Kirsten Stewart is an actress who has unfortunately had the relationship to a popular franchise as well as her awkward public demeanour; overwhelm her work. Ignoring all the hoopla and it’s obvious that Stewart is actually a very gifted and versatile actress. Here she plays the dream girl who so many of us would have dreamed of meeting at the same age but of course being a dream girl isn’t all it’s cracked up to be, so her character is haunted and has an edge and Stewart plays her perfectly, always verging on hysteria.

These two are backed up by an exceptional cast. Ryan Reynolds was in the midst of something of a renaissance here after The Nines and his character is somehow the most unlikable and yet Reynolds imbues him with a sadness and realism that gives him dimension. His final scene is possibly the best thing Reynolds has ever done on-screen. Martin Starr isn’t somebody we see much but he plays the world-weary nerd to perfection in this film, someone who has spent one too many years chasing the summer of their life and needs to move on but can’t due to a lack of self-confidence. The most out-and-out comedic performances of the whole film come from Bill Hader and Kristen Wiig as the husband and wife management team of the park and their humorous scenes punctuate the angst perfectly without ever feeling intrusive.
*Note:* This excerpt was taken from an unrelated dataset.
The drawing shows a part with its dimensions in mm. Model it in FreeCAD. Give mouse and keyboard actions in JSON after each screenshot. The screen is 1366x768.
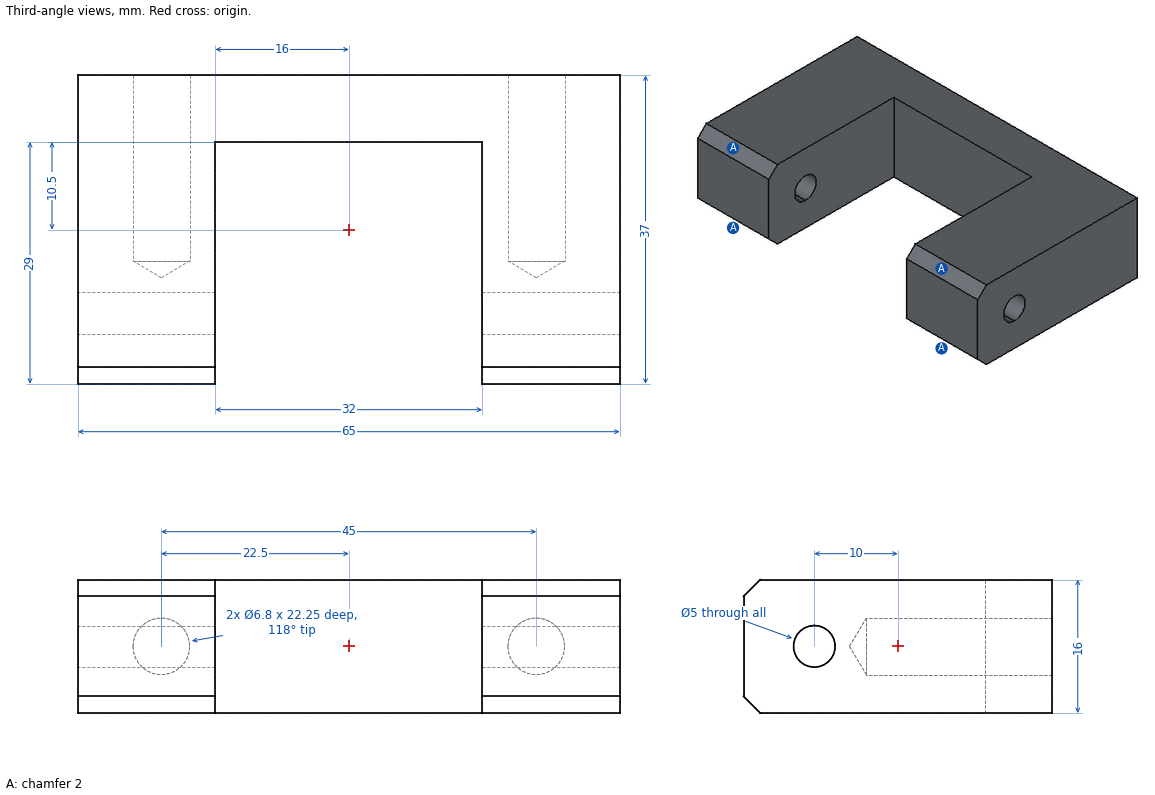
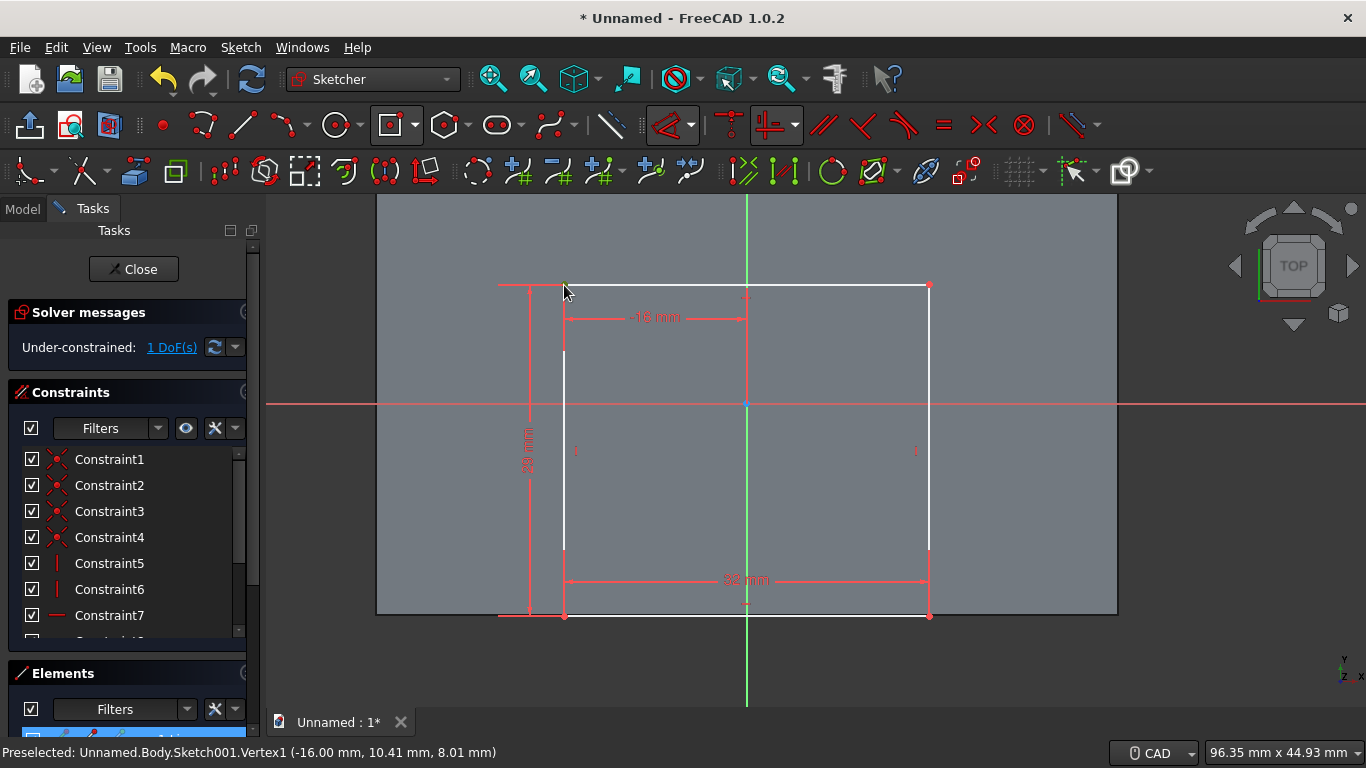
{"action": "key", "text": "i"}

Adventureland is the kind of warm, nostalgic blast of brilliance that could only come from the kind of mature mind of someone some twenty years after they lived through it. It’s that rare beast of a film that gets better each time you watch it.  Mottola went back to crowd pleasing comedy with Paul following the failure of this film but Adventureland is without doubt his finest work. That more people haven’t seen this is one of the more baffling things in modern cinema and it’s ripe for re-discovery.